Correlating the treatment outcome with tumor staging, grading, and various treatment modalities in patients with esthesioneuroblastoma.

2019 
Objective: Although till date no management protocol for esthesioneuroblastoma (ENB) has been standardized due to tumor rarity, still multimodality approach shows better treatment outcomes as compared to surgery alone. The objective of this study was to analyze the clinicopathological spectrum of ENB and to correlate treatment response with tumor staging, histopathological grading, and various treatment modalities. Materials and Methods: Twenty-one consecutive patients with biopsy-proven ENB were studied and evaluated for response to treatment in the form of complete tumor resolution. Results were analyzed and correlated with stage and grade of tumor and form of therapy received. Results: There was male preponderance (3.2:1) with age ranging between 7 and 63 years (median of 25 years). Survival rates significantly dropped with increasing tumor stage (63.6% in stages A and B vs. 30% in stages C and D) and grade (100% in Grades 1 and 2 vs. 31.25% in Grades 3 and 4).
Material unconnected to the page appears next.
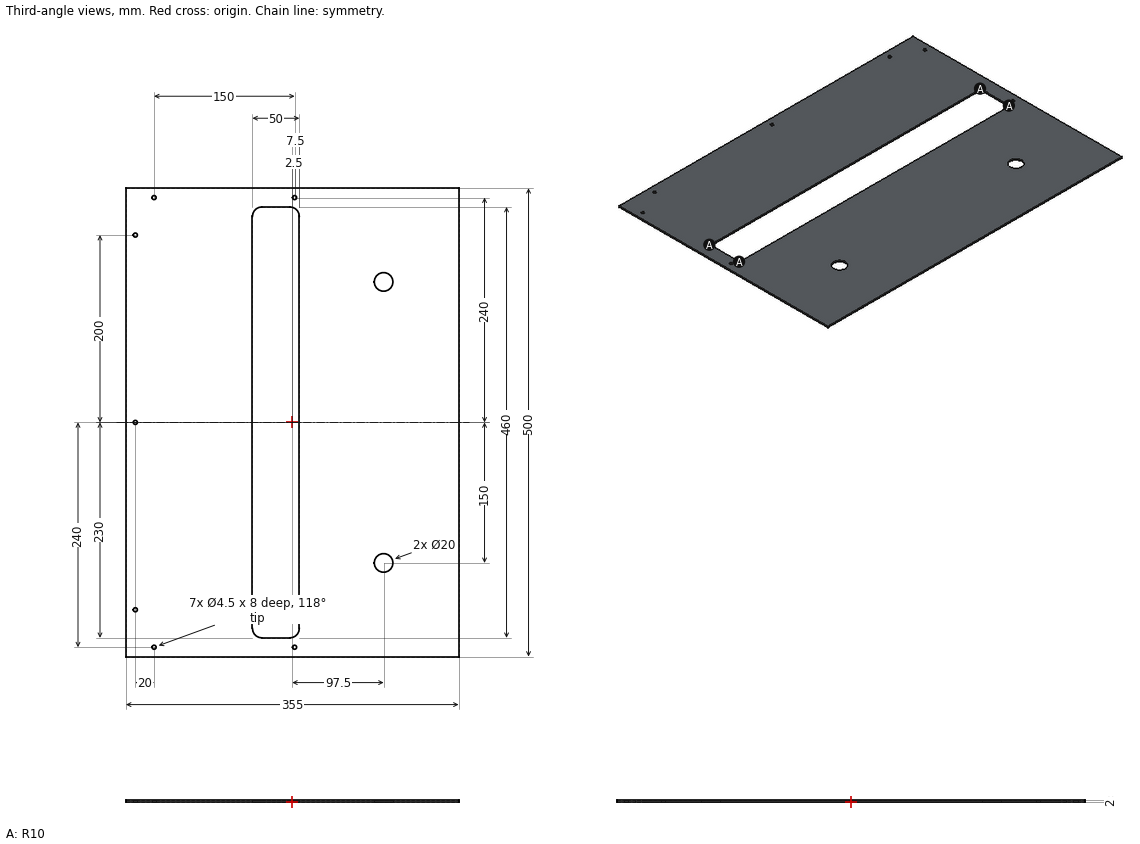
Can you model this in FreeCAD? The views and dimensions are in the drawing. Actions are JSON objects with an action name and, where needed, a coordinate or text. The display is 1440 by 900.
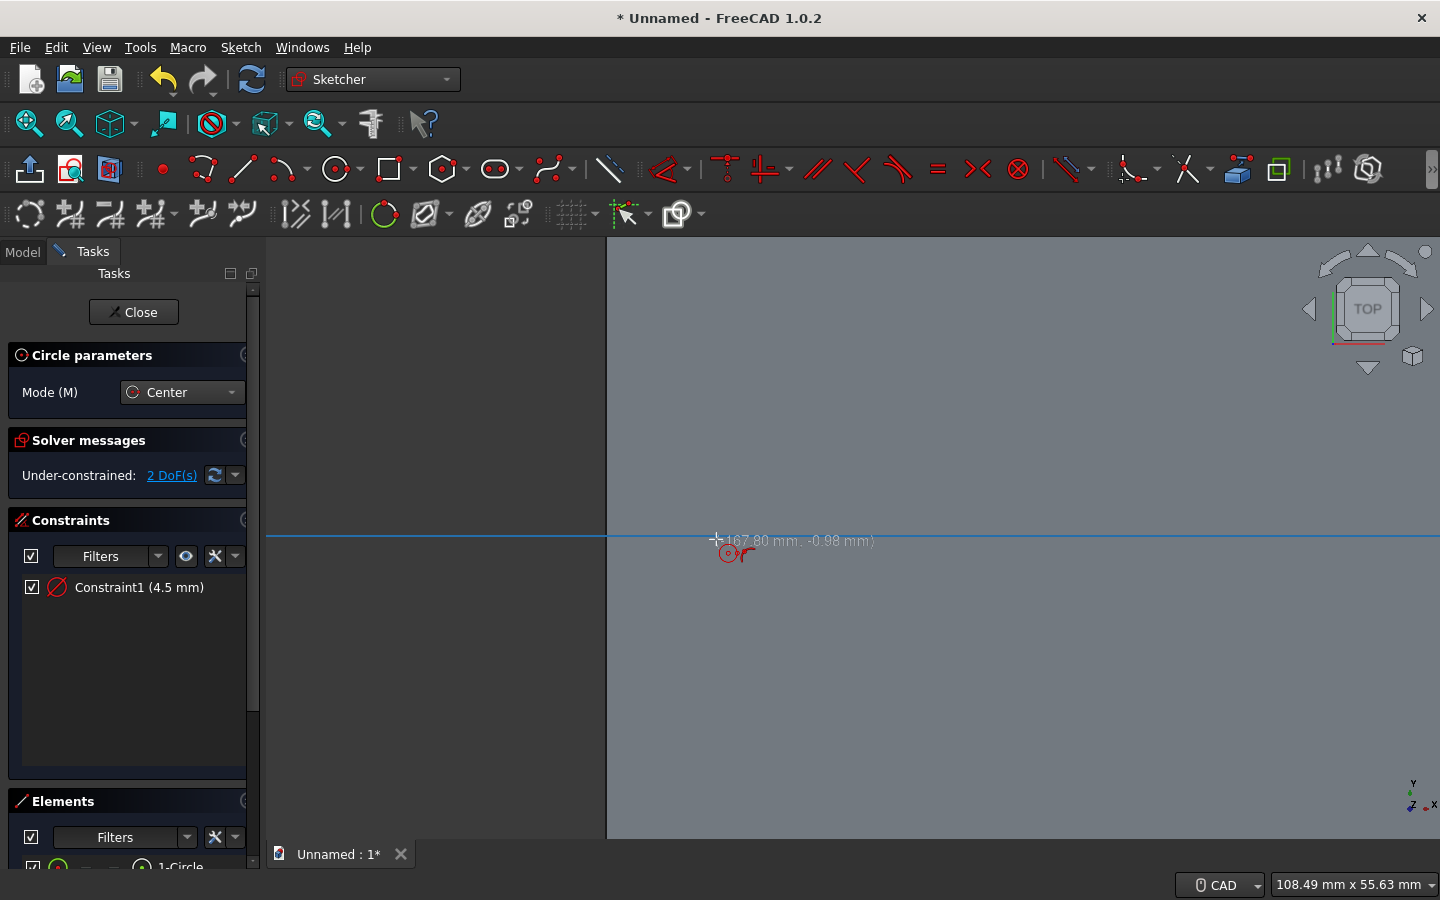
{"action": "scroll", "coordinate": [716, 538], "scroll_direction": "down", "scroll_amount": 13}

The recurrence rate was 80% in surgery alone group, which came down to 43.7% if surgery was supplemented with other modalities. In cases where multimodality treatment plan was used, endoscopic procedures fared equally as open surgical procedures. Conclusion: Hyam's grade and Kadish stage are important prognostic indicators of treatment outcome, with survival rates dropping with increasing tumor stage and grade. Multimodality treatment protocols have improved the disease outcome, making endoscopic surgery equivalent to radical surgeries regarding result outcomes and giving other advantages such as better cosmesis, less treatment-related morbidities, decreased hospital stay, and better cost-effectiveness.